Nasional

RI Harus Miliki Kualitas Bukti Saat Menangani Pengembalian Aset di Luar Negeri

Oleh : very - Jum'at, 15/02/2019 10:25 WIB

Aktivis ICW saat menggelar diskusi mutual legal assistance (MLA) di kantor ICW, Jakarta, Kamis (14/2/2019). (Foto: Ist)

Jakarta, INDONEWS.ID -- Indonesia telah menandatangani perjanjian mutual legal assistance (MLA) atau yang kerap disebut sebagai bantuan hukum timbal balik di ranah hukum pidana dengan negara Swiss (4/02). Perjanjian ini sekaligus merupakan MLA ke-10 yang telah ditandatangani oleh Indonesia, setelah sebelumnya Australia, Hongkong, RRC, Korea Selatan, India, Vietnam, Uni Emirat Arab, Iran, dan negara yang tergabung dalam ASEAN.
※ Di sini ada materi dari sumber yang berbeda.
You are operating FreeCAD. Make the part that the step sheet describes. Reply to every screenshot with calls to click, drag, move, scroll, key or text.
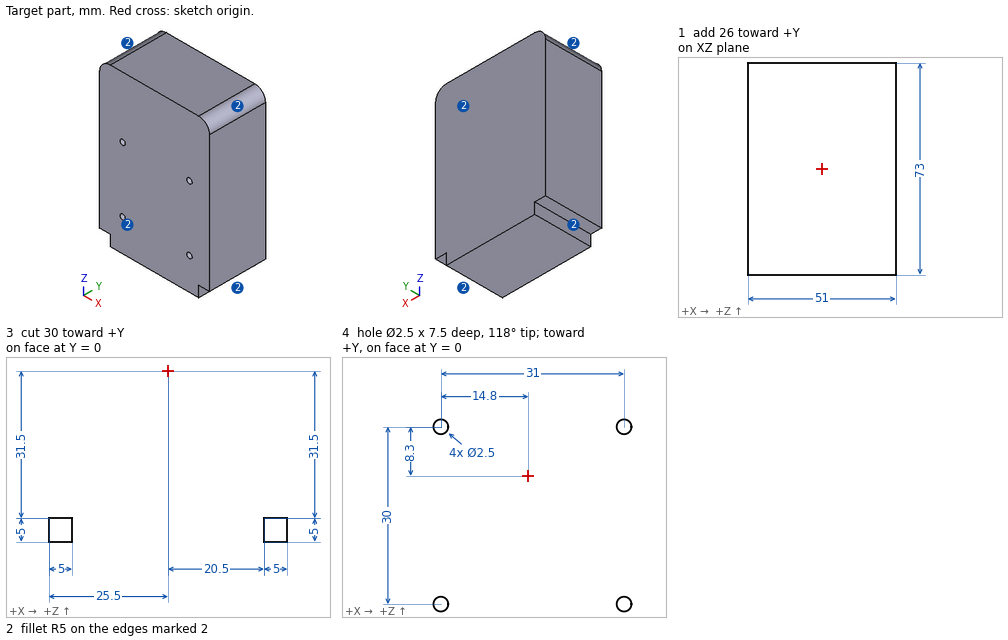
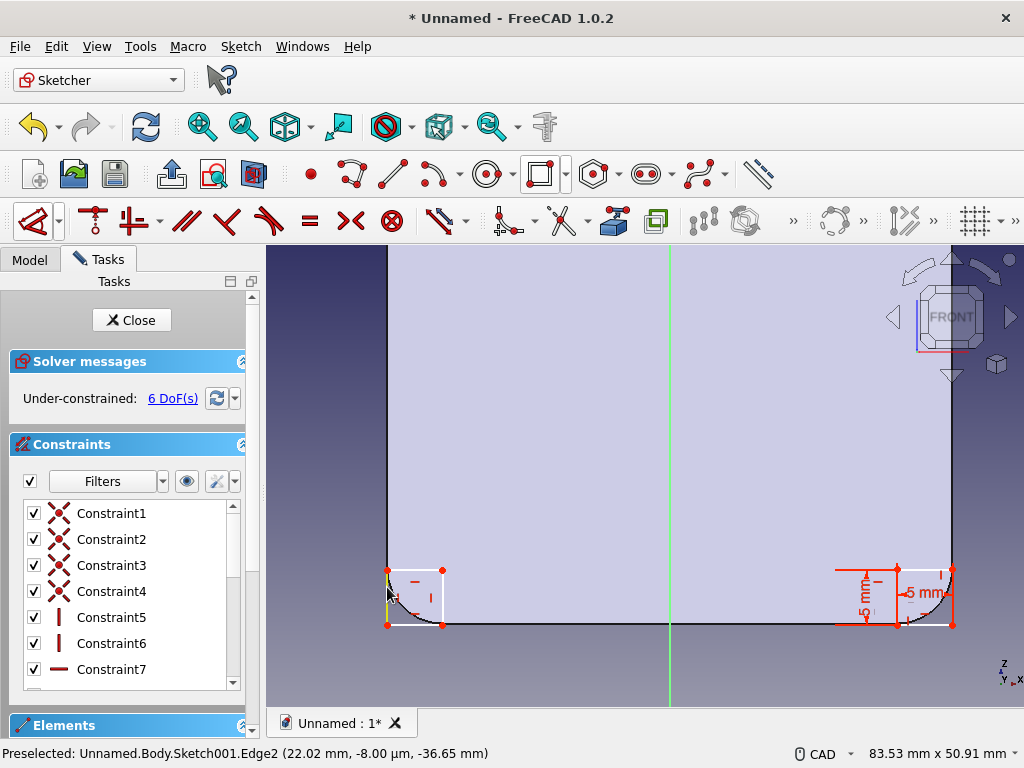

Merujuk pada Pasal 3 ayat (1) Undang-Undang Nomor 1 Tahun 2006 tentang Bantuan Timbal Balik Dalam Masalah Pidana (UU No.1 Tahun 2006) menyebutkan bahwa bantuan timbal balik merupakan permintaan bantuan berkenaan dengan penyidikan, penuntutan, dan pemeriksaan di sidang pengadilan sesuai dengan ketentuan peraturan perundang-undangan negara diminta. Ini merupakan instrumen utama yang digadang-gadang sebagai pintu masuk untuk merampas aset terduga pelaku kejahatan yang saat ini masih berada di luar negeri.

Peneliti Indonesia Corruption Watch (ICW) Kurnia Ramadhana mengatakan, harus dipahami bahwa langkah setelah penandatangan MLA ini masih cukup panjang agar bisa diterapkan secara maksimal. Setidaknya pekerjaan rumah Pemerintah dan Dewan Perwakilan Rakyat (DPR) selanjutnya adalah meratifikasi perjanjian tersebut menjadi UU.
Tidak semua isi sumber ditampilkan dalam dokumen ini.